The authors acknowledge several limitations in the current study. The age range of subjects in the study was narrow and focused on older adults with obstruction. Studies have shown that the bony structures in the face change with time,16 and future studies should include subjects from a broader age range. This was a retrospective study where the control population was distinct from the patient population; an ideal study would be longitudinal and have each patient serve as their own control to determine who develops obstruction and who does not. No formal power calculation was performed prior to the start of the study; rather the sample size was based on the total number of patients who met the nasal obstruction criteria listed above for the defined time period, with an identical number of controls selected for comparative purposes. However, there is actually a non-significant trend (p=0.23) that is suggestive of a smaller average volume for controls as compared to cases. It is therefore unlikely that this trend would reverse in favor of the original hypothesis even with a larger sample size. This was a small pilot study intended to estimate mean volume for the available case group and the control group, and a larger study is required to confirm these null findings. Race was not a controlled variable and could be a potential confounding factor, since prior studies have demonstrated differences in duct volumes that varied by race;10,11 future studies should consider race as a separate variable when comparing volumes. This study only considered the bony canal of the nasolacrimal duct and not the soft tissue, which is cited as a site of inflammation and possible etiology of obstruction. 17 Finally only one author (JLE) made volume measurements which were validated by a more experienced neuroradiologist (AJT).

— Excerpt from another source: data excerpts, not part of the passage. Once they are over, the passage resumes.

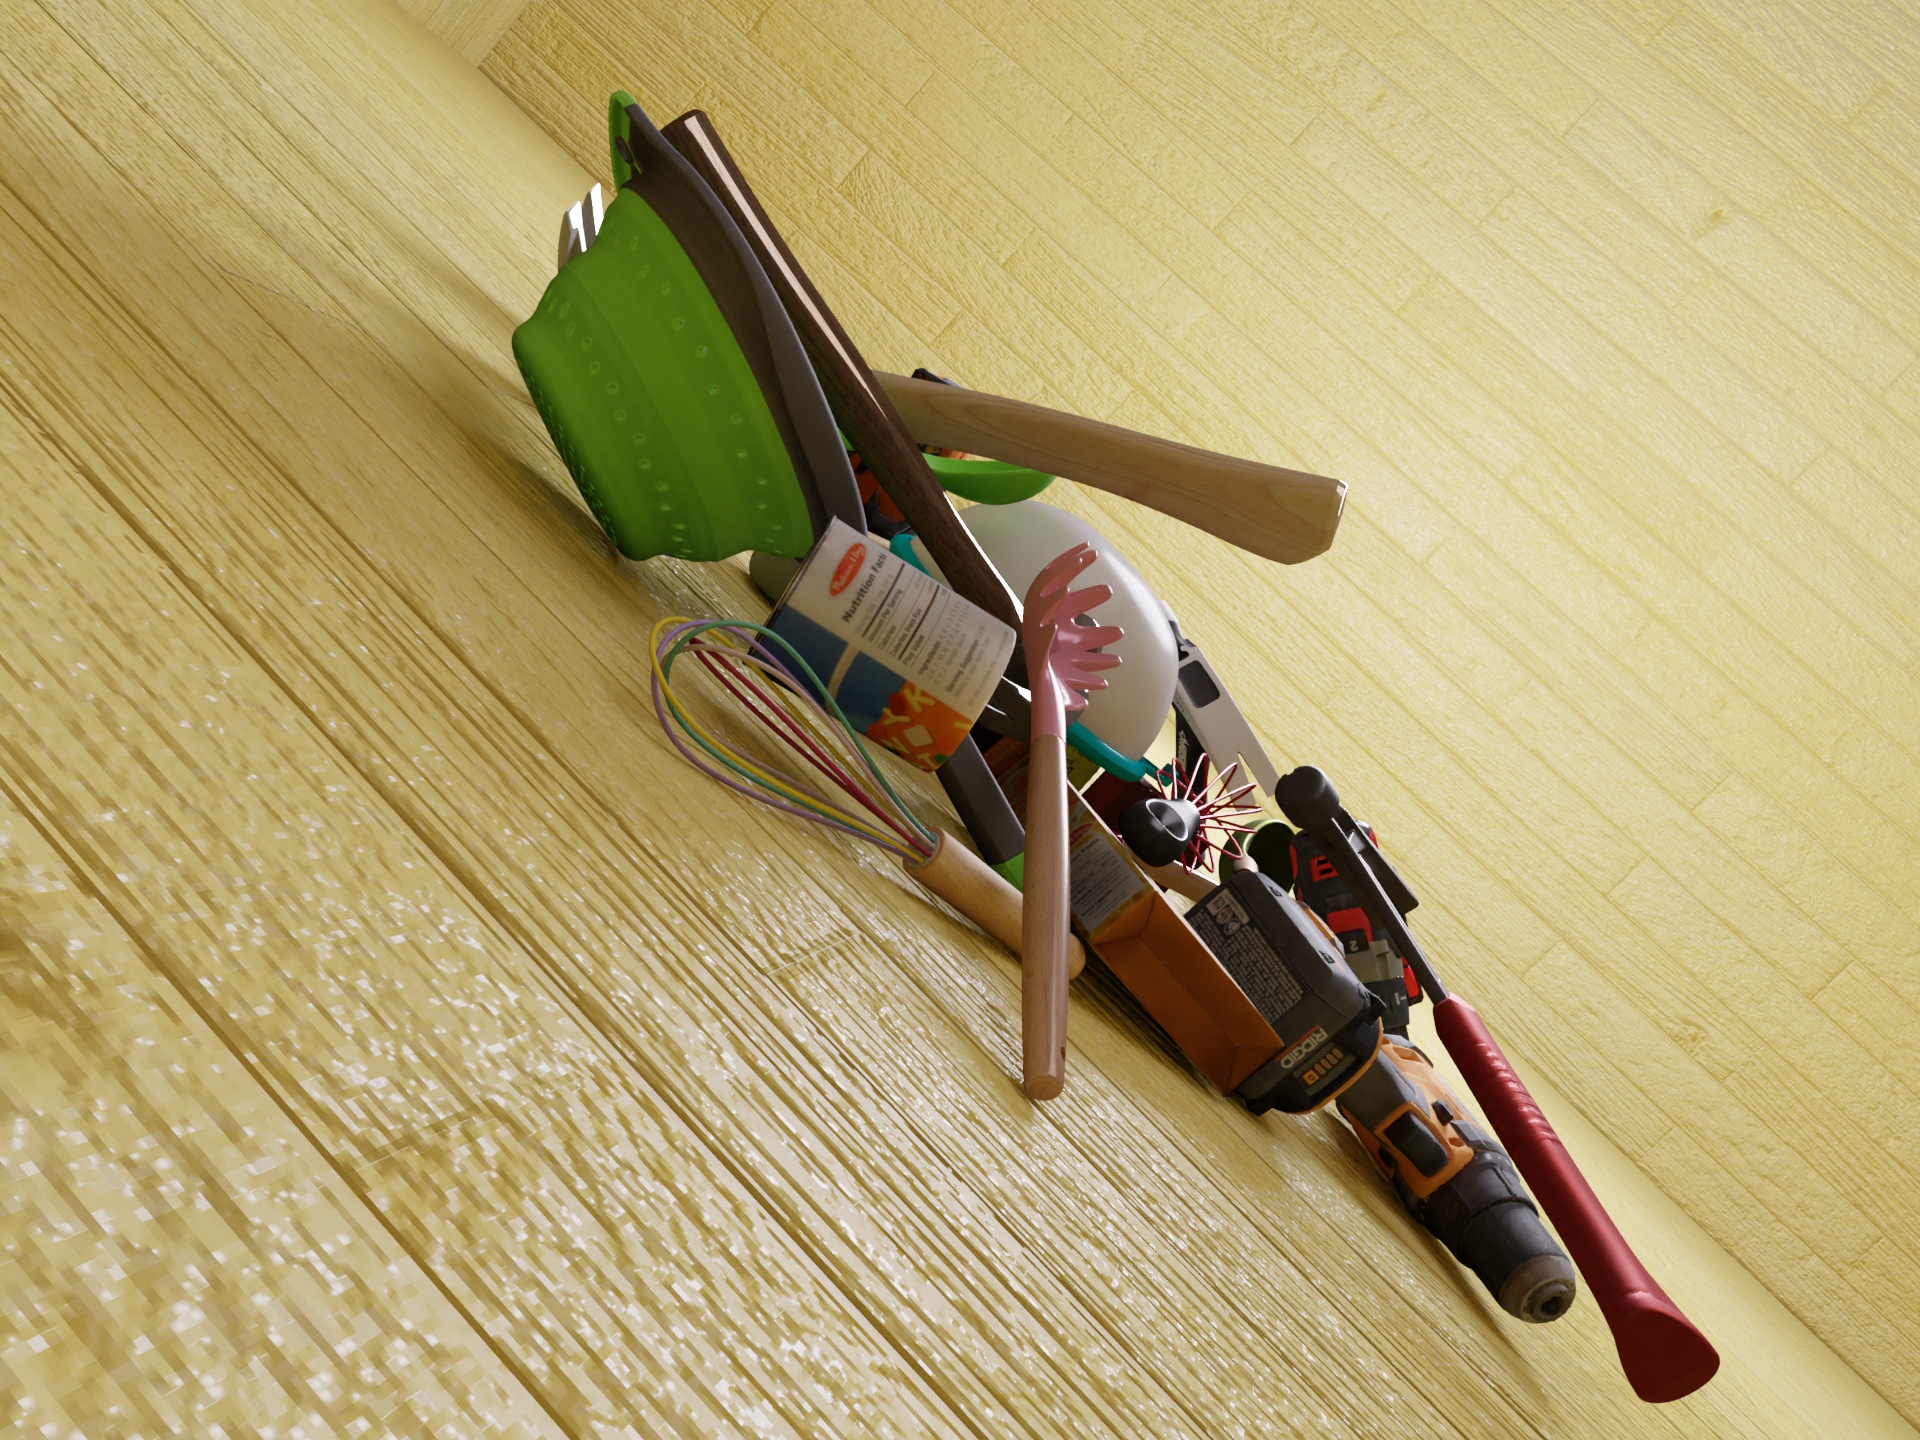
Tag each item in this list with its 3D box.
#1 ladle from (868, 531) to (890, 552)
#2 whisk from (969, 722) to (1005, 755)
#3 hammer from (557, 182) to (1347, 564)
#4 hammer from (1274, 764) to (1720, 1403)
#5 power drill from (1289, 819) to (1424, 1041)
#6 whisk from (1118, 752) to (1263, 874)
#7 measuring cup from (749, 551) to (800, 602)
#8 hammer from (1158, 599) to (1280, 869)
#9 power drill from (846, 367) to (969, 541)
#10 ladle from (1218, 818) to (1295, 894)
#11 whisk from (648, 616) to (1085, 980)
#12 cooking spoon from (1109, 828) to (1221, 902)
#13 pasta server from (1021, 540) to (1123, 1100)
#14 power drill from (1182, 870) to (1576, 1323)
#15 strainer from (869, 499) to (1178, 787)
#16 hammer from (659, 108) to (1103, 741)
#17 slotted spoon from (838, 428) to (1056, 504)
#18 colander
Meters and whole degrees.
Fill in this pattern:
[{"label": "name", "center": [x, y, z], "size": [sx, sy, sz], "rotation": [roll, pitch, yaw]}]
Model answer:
[{"label": "ladle", "center": [-0.054, -0.115, 1.067], "size": [0.315, 0.069, 0.031], "rotation": [21, 14, -29]}, {"label": "whisk", "center": [0.000, -0.003, 0.920], "size": [0.238, 0.055, 0.055], "rotation": [42, 6, -44]}, {"label": "hammer", "center": [-0.012, -0.159, 0.793], "size": [0.411, 0.038, 0.146], "rotation": [16, -41, 14]}, {"label": "hammer", "center": [0.261, 0.172, 0.795], "size": [0.149, 0.036, 0.359], "rotation": [47, 14, -35]}, {"label": "power drill", "center": [0.282, 0.173, 1.119], "size": [0.226, 0.080, 0.188], "rotation": [34, 45, -72]}, {"label": "whisk", "center": [0.118, 0.052, 0.840], "size": [0.073, 0.073, 0.295], "rotation": [45, 10, 11]}, {"label": "measuring cup", "center": [-0.117, -0.102, 0.920], "size": [0.168, 0.038, 0.083], "rotation": [36, 5, 25]}, {"label": "hammer", "center": [0.170, 0.046, 1.155], "size": [0.146, 0.035, 0.334], "rotation": [59, -6, 23]}, {"label": "power drill", "center": [-0.113, -0.199, 1.085], "size": [0.226, 0.164, 0.084], "rotation": [28, 11, -12]}, {"label": "ladle", "center": [0.212, 0.107, 1.122], "size": [0.062, 0.078, 0.320], "rotation": [17, 0, 10]}, {"label": "whisk", "center": [-0.027, 0.035, 0.604], "size": [0.244, 0.051, 0.047], "rotation": [41, 2, -36]}, {"label": "cooking spoon", "center": [0.110, 0.084, 0.944], "size": [0.318, 0.017, 0.069], "rotation": [27, 11, -28]}, {"label": "pasta server", "center": [0.042, 0.026, 0.644], "size": [0.316, 0.040, 0.060], "rotation": [-85, 154, -54]}, {"label": "power drill", "center": [0.213, 0.197, 0.811], "size": [0.226, 0.084, 0.186], "rotation": [44, 8, -29]}, {"label": "strainer", "center": [0.036, -0.081, 0.909], "size": [0.211, 0.095, 0.340], "rotation": [49, 10, 26]}, {"label": "hammer", "center": [-0.037, -0.129, 0.741], "size": [0.331, 0.031, 0.130], "rotation": [55, 30, -17]}, {"label": "slotted spoon", "center": [-0.096, -0.167, 0.897], "size": [0.314, 0.031, 0.070], "rotation": [16, 18, 11]}, {"label": "colander", "center": [-0.089, -0.065, 0.692], "size": [0.397, 0.094, 0.204], "rotation": [61, -12, -1]}]

To the authors’ knowledge, only one other study has been completed which utilized volumetric software to study the nasolacrimal duct, but that study was limited to normal subjects.11 Herein, we report use of this software on patients with PNLDO and compare them to a normal, control group. The findings suggest that the volume of the nasolacrimal duct is not related to PNLDO.
Acknowledgments
Financial support: Jaclyn Estes was supported by the Jewish Foundation for Education of Women located at 135 East 64th St., New York, NY 10065. Dr. Paul Christos was partially supported by the following grant: Clinical Translational Science Center (CTSC) (UL1-TR000457-06).
Footnotes
Meeting presentation: Presented at the Medical Student Scholars in Aging Research Meeting (oral), Weill Cornell Medical College, New York, NY, August 8, 2013. Poster presentation on May 16, 2014 at the American Geriatrics Society annual meeting in Orlando, FL.
Proprietary interest statement: The authors have no financial or conflicts of interest to disclose.